Source material:
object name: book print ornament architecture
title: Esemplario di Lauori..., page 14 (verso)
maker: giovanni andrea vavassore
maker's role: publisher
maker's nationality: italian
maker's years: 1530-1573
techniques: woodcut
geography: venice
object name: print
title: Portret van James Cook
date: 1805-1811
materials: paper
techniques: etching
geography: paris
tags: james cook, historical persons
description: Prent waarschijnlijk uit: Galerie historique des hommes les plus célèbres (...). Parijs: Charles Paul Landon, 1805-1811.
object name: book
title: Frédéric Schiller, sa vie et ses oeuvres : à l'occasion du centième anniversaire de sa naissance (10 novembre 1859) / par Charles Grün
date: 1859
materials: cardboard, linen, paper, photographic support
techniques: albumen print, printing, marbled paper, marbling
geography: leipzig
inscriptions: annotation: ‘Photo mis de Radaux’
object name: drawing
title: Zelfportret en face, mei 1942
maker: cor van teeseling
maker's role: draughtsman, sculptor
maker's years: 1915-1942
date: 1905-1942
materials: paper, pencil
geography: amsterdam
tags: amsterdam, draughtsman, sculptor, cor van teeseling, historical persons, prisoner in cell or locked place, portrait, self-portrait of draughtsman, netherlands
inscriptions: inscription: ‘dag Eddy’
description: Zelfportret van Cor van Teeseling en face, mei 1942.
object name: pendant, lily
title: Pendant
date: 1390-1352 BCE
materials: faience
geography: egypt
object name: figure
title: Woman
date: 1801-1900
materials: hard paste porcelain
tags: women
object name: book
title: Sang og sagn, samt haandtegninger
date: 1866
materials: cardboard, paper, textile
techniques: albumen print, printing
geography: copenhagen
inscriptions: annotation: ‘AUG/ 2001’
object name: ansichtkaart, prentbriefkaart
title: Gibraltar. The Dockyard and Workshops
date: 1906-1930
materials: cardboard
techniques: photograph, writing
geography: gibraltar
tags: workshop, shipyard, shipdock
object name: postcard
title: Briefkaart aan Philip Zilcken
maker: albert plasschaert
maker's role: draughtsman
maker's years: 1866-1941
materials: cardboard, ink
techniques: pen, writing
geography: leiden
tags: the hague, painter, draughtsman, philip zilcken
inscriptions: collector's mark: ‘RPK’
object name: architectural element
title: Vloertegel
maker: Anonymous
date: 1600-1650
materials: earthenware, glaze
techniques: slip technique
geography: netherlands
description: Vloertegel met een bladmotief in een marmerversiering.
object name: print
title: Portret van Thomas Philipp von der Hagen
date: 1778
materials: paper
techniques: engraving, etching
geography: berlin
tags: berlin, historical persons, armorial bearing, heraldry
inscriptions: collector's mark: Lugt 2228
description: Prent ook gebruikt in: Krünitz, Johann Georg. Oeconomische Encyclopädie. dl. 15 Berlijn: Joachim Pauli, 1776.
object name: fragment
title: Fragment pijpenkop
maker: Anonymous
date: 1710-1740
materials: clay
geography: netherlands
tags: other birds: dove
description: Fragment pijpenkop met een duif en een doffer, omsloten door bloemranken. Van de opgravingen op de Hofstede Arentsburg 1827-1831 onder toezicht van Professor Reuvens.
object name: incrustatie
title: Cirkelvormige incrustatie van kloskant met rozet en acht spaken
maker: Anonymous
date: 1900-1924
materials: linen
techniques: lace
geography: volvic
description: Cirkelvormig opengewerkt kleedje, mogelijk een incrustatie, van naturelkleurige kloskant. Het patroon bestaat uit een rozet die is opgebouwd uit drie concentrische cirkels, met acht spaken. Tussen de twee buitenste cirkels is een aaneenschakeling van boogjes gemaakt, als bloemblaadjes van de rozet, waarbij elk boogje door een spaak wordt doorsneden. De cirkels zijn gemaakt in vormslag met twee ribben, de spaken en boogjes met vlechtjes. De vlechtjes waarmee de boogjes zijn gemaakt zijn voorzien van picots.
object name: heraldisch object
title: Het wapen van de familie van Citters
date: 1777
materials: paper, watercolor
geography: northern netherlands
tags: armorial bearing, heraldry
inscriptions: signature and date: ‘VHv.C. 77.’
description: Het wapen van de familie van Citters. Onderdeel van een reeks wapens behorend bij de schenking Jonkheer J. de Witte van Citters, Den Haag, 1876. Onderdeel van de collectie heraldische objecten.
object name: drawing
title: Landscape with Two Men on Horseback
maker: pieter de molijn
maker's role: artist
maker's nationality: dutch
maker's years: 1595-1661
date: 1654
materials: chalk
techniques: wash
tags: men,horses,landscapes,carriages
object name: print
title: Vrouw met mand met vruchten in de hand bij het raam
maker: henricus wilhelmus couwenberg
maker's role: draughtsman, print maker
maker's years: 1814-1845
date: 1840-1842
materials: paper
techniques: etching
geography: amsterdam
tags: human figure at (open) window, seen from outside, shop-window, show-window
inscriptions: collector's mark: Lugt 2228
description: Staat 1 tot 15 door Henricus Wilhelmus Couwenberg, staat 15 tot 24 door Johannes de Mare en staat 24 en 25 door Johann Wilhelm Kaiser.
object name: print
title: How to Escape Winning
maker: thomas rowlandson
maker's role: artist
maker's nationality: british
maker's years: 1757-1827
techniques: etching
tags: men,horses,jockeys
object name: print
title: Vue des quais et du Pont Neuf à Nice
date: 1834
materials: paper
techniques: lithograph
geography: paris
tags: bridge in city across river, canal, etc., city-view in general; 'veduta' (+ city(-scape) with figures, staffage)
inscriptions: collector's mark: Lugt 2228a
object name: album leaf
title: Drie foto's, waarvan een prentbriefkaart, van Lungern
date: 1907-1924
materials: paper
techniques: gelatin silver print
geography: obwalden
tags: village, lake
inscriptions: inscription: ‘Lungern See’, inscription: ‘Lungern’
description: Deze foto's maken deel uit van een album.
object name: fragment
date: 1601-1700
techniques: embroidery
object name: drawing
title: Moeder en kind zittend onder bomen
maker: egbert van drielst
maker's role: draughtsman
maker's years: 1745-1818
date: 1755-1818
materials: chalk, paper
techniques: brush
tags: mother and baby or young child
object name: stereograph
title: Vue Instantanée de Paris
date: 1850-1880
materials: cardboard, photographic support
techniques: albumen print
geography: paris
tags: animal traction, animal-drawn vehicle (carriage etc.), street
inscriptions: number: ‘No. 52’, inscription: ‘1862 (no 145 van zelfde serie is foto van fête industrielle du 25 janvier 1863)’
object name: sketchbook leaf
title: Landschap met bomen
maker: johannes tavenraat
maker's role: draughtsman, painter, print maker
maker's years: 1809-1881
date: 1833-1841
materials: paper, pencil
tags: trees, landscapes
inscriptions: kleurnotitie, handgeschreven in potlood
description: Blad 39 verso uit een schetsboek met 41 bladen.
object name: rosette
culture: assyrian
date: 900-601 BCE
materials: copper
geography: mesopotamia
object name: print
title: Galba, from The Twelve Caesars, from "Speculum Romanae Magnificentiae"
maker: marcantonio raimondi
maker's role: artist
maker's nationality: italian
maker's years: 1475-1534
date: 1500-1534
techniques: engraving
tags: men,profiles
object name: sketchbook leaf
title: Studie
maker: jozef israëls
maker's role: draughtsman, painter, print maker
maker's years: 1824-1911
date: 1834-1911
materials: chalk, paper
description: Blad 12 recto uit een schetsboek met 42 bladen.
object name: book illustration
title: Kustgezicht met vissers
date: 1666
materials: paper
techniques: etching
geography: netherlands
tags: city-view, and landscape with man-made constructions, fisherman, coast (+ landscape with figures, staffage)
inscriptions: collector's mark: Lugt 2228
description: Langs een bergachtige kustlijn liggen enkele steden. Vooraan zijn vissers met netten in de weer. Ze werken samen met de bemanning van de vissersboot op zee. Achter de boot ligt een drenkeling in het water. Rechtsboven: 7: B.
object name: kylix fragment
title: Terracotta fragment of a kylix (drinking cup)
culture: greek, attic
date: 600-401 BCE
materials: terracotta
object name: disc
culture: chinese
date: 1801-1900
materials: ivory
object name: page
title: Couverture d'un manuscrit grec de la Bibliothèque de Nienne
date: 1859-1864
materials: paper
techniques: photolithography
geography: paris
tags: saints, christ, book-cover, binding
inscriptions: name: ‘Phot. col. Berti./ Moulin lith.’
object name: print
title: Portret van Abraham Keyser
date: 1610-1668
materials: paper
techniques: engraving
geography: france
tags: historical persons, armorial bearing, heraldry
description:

Exercise prompt: Within the listing above, locate the line containing "materials: cardboard, photographic support" and the line containing "culture: assyrian". Reproduce those two lines and all lines between them exactly, with nothing added.

Finished task:
materials: cardboard, photographic support
techniques: albumen print
geography: paris
tags: animal traction, animal-drawn vehicle (carriage etc.), street
inscriptions: number: ‘No. 52’, inscription: ‘1862 (no 145 van zelfde serie is foto van fête industrielle du 25 janvier 1863)’
object name: sketchbook leaf
title: Landschap met bomen
maker: johannes tavenraat
maker's role: draughtsman, painter, print maker
maker's years: 1809-1881
date: 1833-1841
materials: paper, pencil
tags: trees, landscapes
inscriptions: kleurnotitie, handgeschreven in potlood
description: Blad 39 verso uit een schetsboek met 41 bladen.
object name: rosette
culture: assyrian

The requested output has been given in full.